Ich habe 13 Monate in kommunistischen, muslimischen und anderen Ländern ohne Freiheiten verbracht und erst in Amerika werde ich am Unabhängigkeitstag verhaftet aufgrund von falschen Anschuldigungen, weil ich das Evangelium gepredigt habe.

Lk 6,22 Selig seid ihr, wenn euch die Menschen hassen und euch ausstoßen und schmähen und verwerfen euren Namen als böse um des Menschensohnes willen.

Tja, wir sehen: Christus hat es vorhergesehen.
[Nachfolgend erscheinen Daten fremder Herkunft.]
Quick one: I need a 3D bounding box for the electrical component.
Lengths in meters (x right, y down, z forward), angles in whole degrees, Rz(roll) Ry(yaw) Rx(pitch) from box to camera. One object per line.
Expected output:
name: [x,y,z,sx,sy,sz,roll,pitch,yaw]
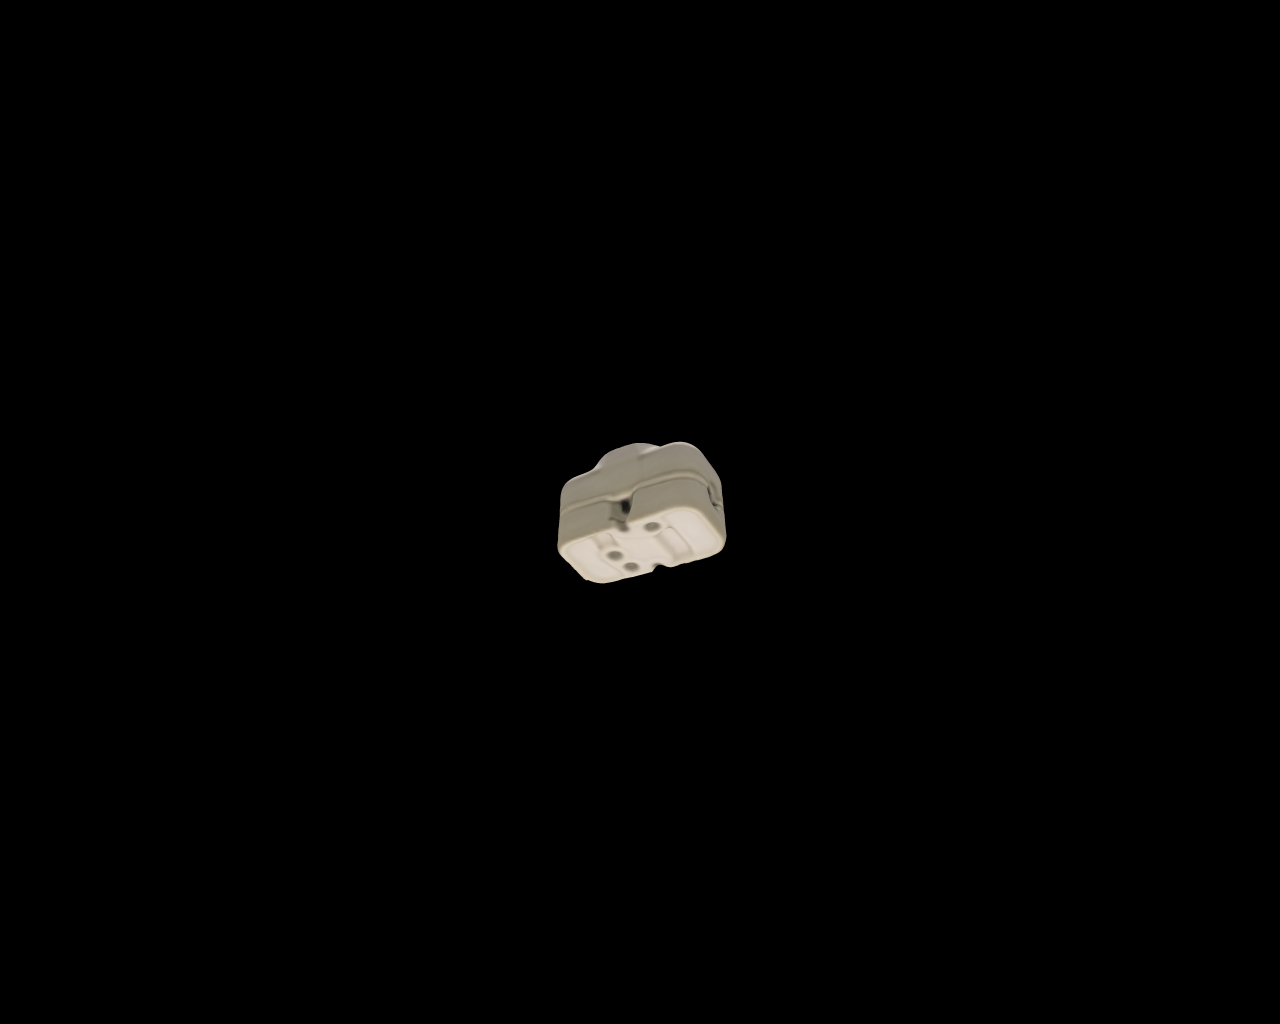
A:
electrical component: [0.001,-0.003,0.650,0.095,0.059,0.053,-17,-40,22]
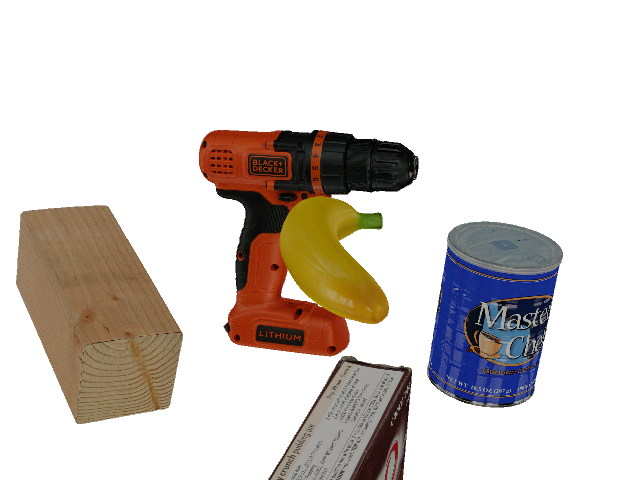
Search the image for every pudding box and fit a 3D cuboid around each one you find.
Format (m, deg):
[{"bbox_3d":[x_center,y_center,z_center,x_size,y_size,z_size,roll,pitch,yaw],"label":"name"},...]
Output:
[{"bbox_3d":[0.007,0.117,0.465,0.039,0.090,0.113,10,29,14],"label":"pudding box"}]

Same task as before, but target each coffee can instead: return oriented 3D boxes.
[{"bbox_3d":[0.158,0.066,0.977,0.103,0.140,0.103,5,23,-2],"label":"coffee can"}]

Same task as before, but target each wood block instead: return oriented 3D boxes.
[{"bbox_3d":[-0.210,0.061,0.989,0.090,0.091,0.206,-6,36,-30],"label":"wood block"}]

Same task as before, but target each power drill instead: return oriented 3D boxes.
[{"bbox_3d":[-0.011,0.000,0.897,0.185,0.188,0.057,5,15,17],"label":"power drill"}]

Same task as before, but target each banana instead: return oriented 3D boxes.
[{"bbox_3d":[0.007,0.004,0.682,0.069,0.037,0.197,1,19,2],"label":"banana"}]
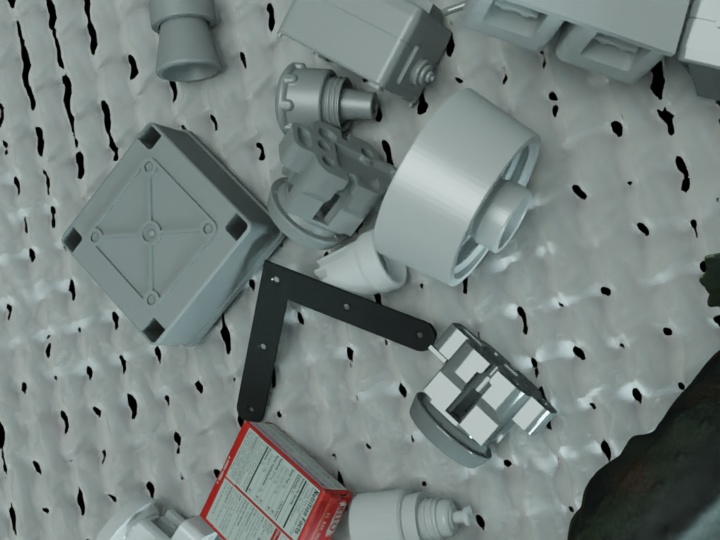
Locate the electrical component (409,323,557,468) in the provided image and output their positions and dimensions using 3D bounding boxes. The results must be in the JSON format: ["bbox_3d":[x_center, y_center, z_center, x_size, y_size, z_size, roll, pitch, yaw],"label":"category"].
[{"bbox_3d":[0.066,0.078,0.631,0.078,0.058,0.057,43,101,18],"label":"electrical component"}]

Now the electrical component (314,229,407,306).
[{"bbox_3d":[0.000,0.000,0.672,0.046,0.040,0.040,-24,79,25],"label":"electrical component"}]

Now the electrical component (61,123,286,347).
[{"bbox_3d":[-0.124,-0.023,0.715,0.109,0.056,0.108,45,104,18],"label":"electrical component"}]

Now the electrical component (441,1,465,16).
[{"bbox_3d":[0.082,-0.174,0.640,0.077,0.047,0.065,-15,82,22],"label":"electrical component"}]

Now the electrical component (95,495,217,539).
[{"bbox_3d":[-0.139,0.187,0.712,0.057,0.058,0.078,36,101,17],"label":"electrical component"}]

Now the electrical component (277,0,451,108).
[{"bbox_3d":[0.011,-0.146,0.661,0.096,0.062,0.061,32,100,21],"label":"electrical component"}]

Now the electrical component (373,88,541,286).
[{"bbox_3d":[0.062,-0.042,0.613,0.060,0.108,0.108,31,100,15],"label":"electrical component"}]

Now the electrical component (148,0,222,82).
[{"bbox_3d":[-0.118,-0.160,0.725,0.045,0.045,0.055,-10,83,22],"label":"electrical component"}]

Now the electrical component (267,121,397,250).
[{"bbox_3d":[-0.022,-0.050,0.668,0.057,0.078,0.058,-52,30,32],"label":"electrical component"}]

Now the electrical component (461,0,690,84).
[{"bbox_3d":[0.132,-0.206,0.579,0.105,0.060,0.186,18,80,-3],"label":"electrical component"}]

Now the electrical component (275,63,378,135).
[{"bbox_3d":[-0.020,-0.106,0.683,0.062,0.048,0.048,7,90,16],"label":"electrical component"}]

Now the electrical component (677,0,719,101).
[{"bbox_3d":[0.205,-0.119,0.559,0.062,0.096,0.061,19,98,23],"label":"electrical component"}]

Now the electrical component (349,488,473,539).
[{"bbox_3d":[0.030,0.152,0.651,0.078,0.040,0.040,-11,83,22],"label":"electrical component"}]

Nur wusste bislang kaum jemand, wie weit es damit schon in den USA gediehen ist. „God´s own country“ verkommt, ähnlich wie Westeuropa, von Minute zu Minute mehr, wie es scheint.

BITTE BETEN SIE DOCH EINMAL AUCH DAFÜR, DASS DAS EVANGELIUM FREI UND UNGEHINDERT VERKÜNDET WERDEN DARF. ÜBERALL AUF DER WELT. DAS IST VIEL VERLANGT, ABER BEI GOTT IST NICHTS UNMÖGLICH, WIE MEIN TAUFPASTOR IMMER SAGTE.